Abstract

Short bowel syndrome occurs following the loss of a large portion of functional intestine and is associated with high morbidity and mortality. The intestine exhibits pronounced diurnal rhythms in glucose absorption and mounts a profound proliferative response following massive small bowel resection. Understanding the molecular pathways that underpin this could yield novel treatment options. Two in vivo models were employed using the nocturnally active Sprague Dawley® rat, namely daytime feeding and massive small bowel resection. Glucose absorption exhibited a 24-hour periodicity in the gut and peaked during maximal nutrient delivery, mediated by rhythms in the glucose transporter sodium glucose co-transporter 1 (SGLT1). Feeding during the day shifted the peak in the circadian clock gene PER1 and SGLT1. RNA interference and luciferase assays demonstrated that PER1 transcriptionally regulates SGLT1, linking for the first time clock genes and intestinal glucose absorption.

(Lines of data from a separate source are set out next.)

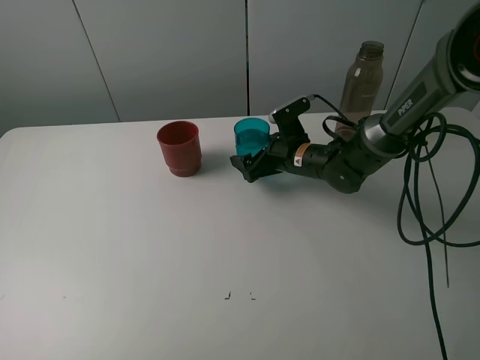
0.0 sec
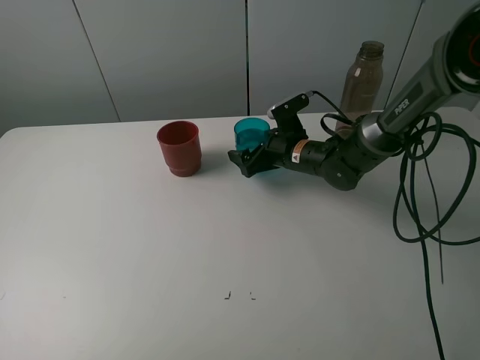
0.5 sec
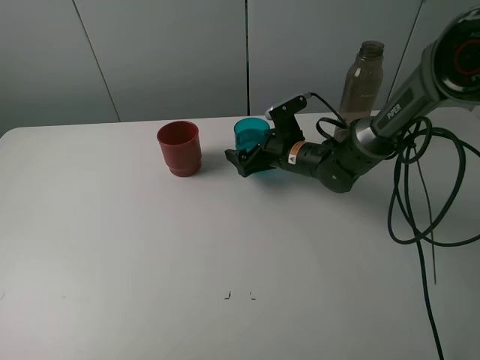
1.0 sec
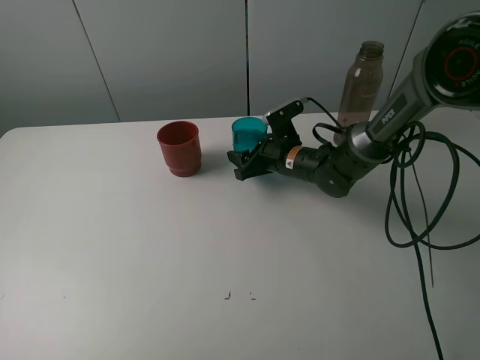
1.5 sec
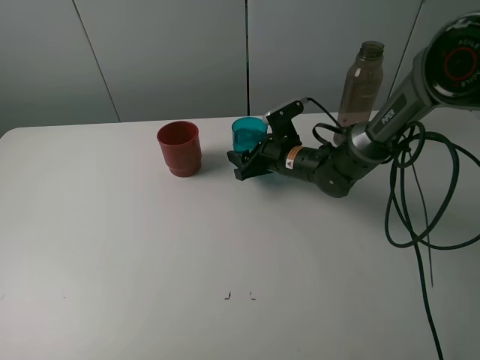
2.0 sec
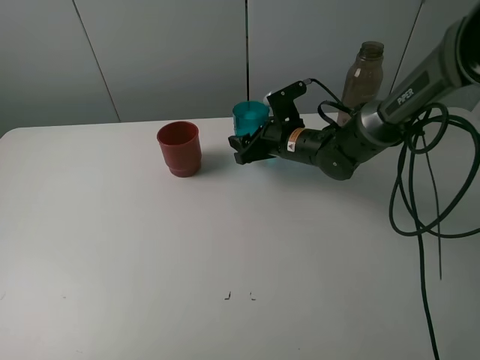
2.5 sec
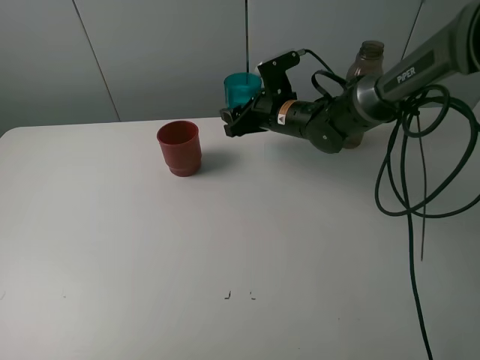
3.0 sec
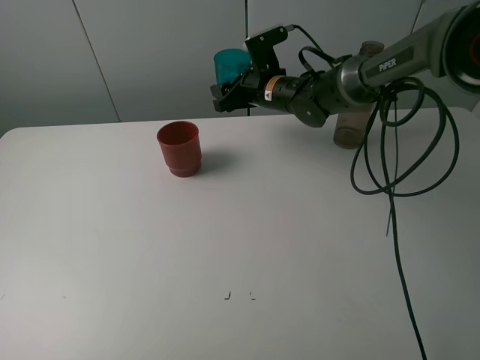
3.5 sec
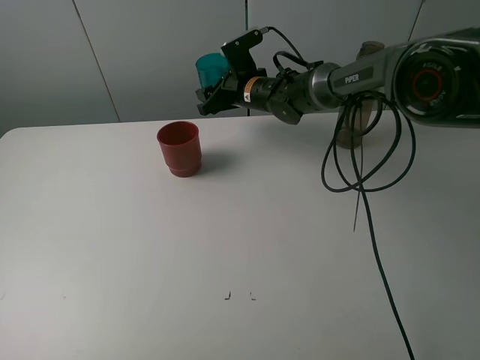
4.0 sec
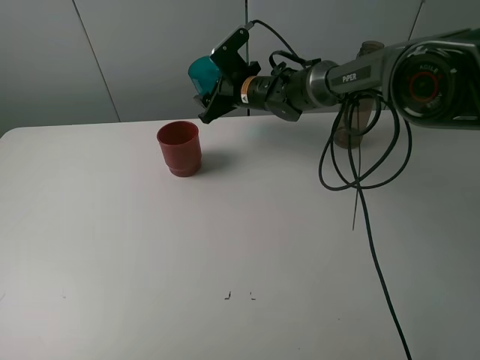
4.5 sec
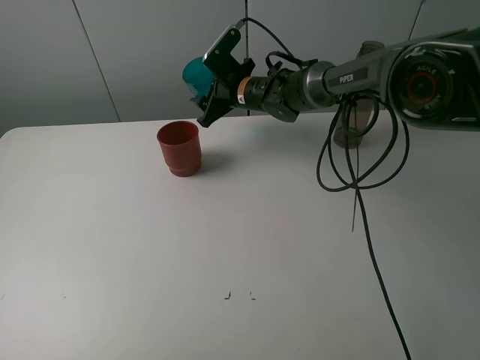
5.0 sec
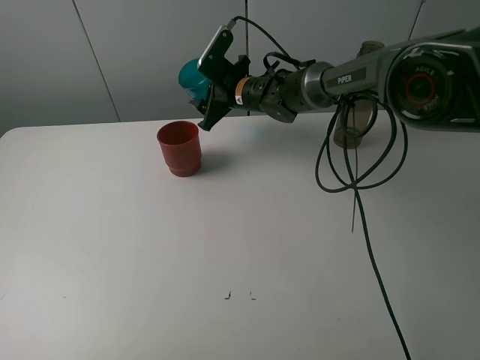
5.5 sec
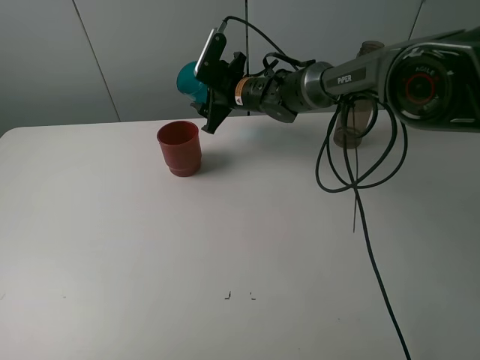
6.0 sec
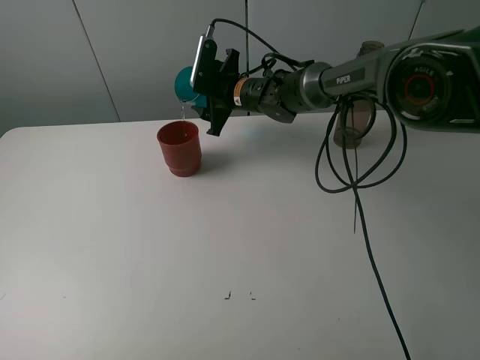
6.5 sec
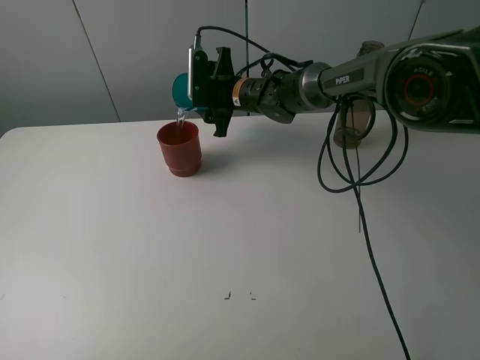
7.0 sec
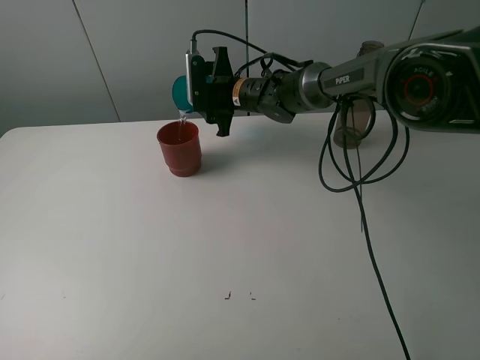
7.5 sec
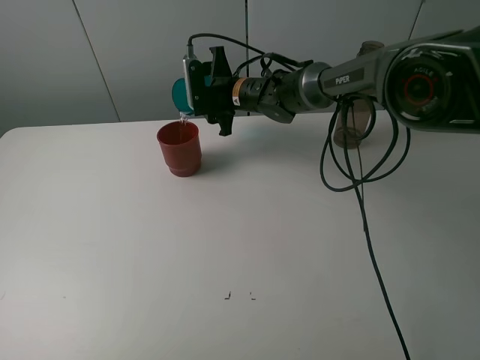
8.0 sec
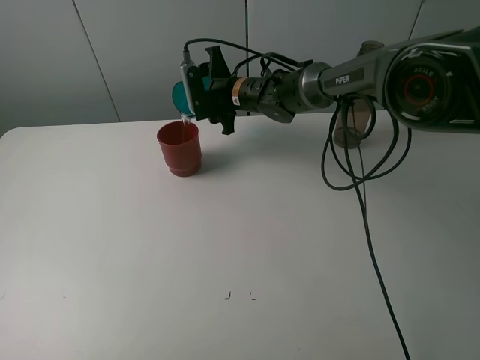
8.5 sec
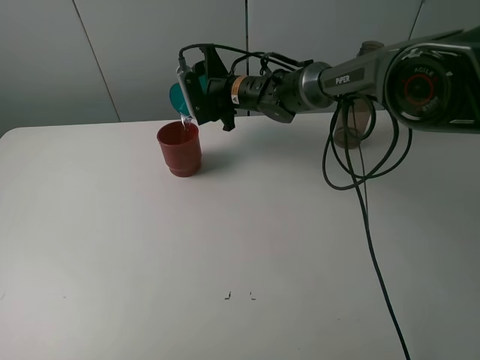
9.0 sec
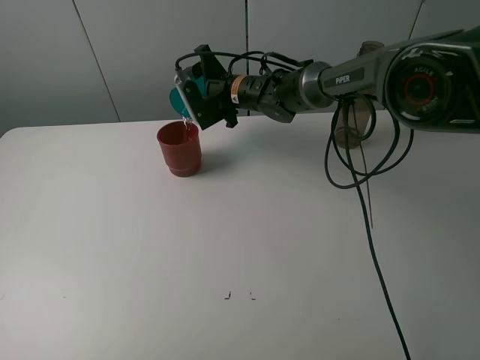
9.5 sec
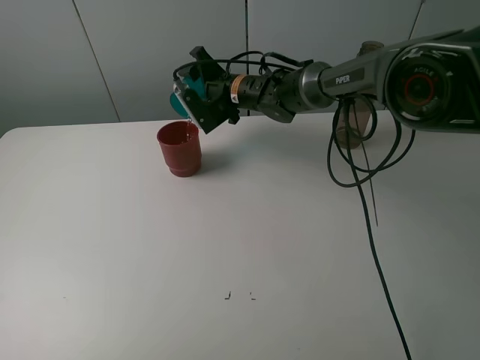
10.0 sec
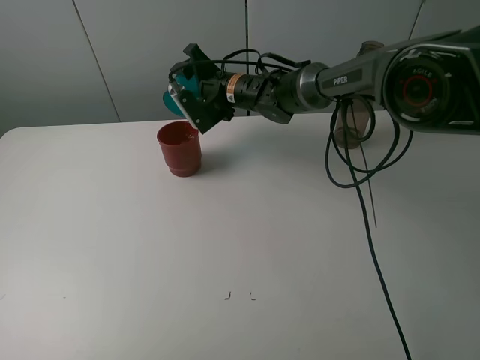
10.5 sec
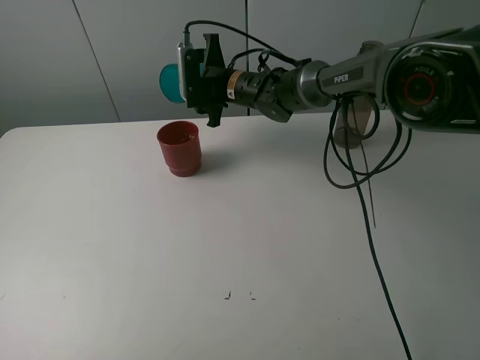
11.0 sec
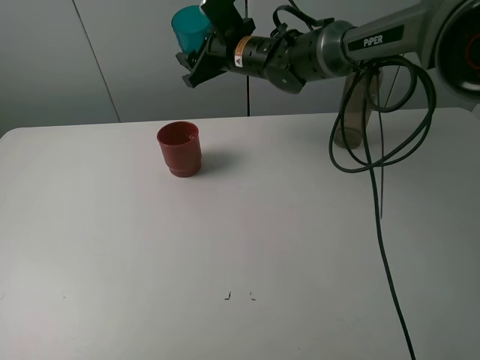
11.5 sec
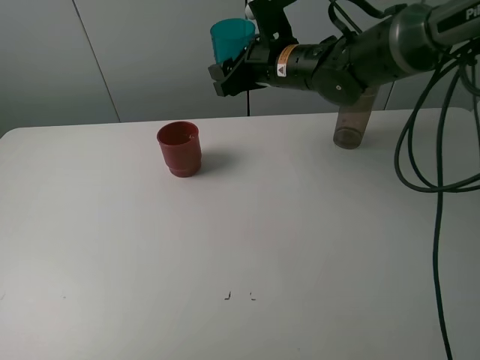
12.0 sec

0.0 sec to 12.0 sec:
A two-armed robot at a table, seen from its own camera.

Intestinal proliferation also exhibited diurnal rhythmicity, with peak absorptive surface area occurring during maximal nutrient availability. mir-16 is diurnally expressed in intestinal crypts, exhibiting minimal expression during maximal nutritional availability. mir-16 overexpression increased apoptosis and arrested proliferation in vitro. mir-125a was upregulated in intestinal crypts following 80% small bowel resection, and induced apoptosis and growth arrest upon overexpression in vitro. This work provides novel insights into the role of circadian clock genes, intestinal transporters and microRNAs in regulating intestinal absorption and proliferation and is the first demonstration of a role for microRNAs in these adaptive phenomena. Modulation of these pathways may represent a new therapeutic option for the management of short bowel syndrome.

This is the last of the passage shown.